[[ Recorded information, beginning ]]

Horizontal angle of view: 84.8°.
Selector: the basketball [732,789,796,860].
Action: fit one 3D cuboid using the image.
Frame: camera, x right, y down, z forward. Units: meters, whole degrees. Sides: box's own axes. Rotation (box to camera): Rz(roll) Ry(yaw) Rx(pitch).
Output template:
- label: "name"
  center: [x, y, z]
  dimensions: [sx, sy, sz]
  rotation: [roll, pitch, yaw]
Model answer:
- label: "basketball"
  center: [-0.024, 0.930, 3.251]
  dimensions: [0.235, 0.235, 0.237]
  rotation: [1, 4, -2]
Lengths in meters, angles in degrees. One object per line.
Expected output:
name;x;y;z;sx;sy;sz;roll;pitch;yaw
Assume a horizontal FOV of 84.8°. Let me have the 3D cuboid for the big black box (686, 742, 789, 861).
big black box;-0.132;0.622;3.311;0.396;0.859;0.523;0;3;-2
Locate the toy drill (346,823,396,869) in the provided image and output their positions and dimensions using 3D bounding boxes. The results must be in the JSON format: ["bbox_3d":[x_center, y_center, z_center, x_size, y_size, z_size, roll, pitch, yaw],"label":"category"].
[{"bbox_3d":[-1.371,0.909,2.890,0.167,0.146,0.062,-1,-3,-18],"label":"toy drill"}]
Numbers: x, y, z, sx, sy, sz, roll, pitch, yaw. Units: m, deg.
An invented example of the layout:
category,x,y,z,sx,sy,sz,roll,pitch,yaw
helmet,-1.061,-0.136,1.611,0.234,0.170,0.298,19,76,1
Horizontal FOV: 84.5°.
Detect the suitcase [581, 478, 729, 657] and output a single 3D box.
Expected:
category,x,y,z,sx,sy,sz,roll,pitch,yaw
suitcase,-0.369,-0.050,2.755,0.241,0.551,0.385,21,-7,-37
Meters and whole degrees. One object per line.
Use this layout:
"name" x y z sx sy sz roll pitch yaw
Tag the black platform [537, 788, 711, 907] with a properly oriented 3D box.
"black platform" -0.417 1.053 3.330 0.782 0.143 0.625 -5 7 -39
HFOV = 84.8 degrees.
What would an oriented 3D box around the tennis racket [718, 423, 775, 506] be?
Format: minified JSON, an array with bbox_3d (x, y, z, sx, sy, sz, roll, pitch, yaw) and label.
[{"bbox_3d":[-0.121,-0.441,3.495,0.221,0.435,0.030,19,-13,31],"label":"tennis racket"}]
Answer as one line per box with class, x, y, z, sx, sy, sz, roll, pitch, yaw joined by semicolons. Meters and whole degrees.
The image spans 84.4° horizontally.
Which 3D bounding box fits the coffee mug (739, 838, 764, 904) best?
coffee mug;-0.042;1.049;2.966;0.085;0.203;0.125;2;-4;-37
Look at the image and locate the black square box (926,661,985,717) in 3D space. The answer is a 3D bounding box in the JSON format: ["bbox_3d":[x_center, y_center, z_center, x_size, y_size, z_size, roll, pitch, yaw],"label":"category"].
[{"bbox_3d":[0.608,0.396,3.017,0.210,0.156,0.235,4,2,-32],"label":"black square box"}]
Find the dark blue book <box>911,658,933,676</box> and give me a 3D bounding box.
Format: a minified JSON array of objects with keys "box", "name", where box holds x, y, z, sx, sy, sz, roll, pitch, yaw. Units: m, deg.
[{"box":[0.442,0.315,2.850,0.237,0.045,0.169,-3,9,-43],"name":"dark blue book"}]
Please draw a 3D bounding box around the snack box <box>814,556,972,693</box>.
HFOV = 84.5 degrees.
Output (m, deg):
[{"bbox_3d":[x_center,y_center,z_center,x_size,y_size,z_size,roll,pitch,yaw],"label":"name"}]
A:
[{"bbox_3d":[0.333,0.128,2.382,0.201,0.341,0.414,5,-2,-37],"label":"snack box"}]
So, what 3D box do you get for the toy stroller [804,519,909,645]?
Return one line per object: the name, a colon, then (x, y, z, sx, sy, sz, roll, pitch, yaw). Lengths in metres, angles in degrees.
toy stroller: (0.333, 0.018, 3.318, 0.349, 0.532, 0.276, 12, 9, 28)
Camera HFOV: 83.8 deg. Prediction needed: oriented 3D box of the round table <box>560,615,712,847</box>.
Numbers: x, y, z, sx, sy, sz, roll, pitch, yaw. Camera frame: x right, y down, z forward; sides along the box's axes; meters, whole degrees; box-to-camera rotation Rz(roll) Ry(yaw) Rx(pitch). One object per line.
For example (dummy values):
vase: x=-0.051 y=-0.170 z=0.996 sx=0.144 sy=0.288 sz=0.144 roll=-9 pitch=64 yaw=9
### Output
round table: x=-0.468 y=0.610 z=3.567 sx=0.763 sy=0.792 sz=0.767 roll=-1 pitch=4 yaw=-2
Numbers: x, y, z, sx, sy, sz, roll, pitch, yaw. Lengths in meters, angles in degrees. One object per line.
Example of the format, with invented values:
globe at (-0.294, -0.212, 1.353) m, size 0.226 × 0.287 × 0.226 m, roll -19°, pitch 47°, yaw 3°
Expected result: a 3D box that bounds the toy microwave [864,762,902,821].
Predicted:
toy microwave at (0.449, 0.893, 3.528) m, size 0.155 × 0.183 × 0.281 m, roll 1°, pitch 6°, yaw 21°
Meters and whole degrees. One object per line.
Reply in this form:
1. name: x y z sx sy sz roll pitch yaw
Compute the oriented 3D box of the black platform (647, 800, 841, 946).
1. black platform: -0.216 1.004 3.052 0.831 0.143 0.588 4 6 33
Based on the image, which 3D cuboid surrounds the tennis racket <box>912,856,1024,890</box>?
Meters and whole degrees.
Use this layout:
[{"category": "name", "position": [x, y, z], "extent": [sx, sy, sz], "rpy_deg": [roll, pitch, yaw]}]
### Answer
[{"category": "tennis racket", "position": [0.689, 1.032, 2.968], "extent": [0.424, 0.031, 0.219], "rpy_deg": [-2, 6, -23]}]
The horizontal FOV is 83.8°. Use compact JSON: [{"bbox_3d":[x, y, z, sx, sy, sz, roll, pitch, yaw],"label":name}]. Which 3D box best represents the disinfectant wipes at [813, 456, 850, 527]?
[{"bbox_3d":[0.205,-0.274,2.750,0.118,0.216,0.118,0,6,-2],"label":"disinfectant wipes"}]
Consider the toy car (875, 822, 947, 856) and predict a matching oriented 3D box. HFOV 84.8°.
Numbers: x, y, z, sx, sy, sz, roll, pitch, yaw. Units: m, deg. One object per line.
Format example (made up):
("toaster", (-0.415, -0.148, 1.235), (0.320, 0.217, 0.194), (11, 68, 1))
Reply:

[[ Recorded information, end ]]

### Aim of the exercise
Once you have found every line in the listing that holds the string "invented", copy each of them.

### Task response
An invented example of the layout:
Example of the format, with invented values:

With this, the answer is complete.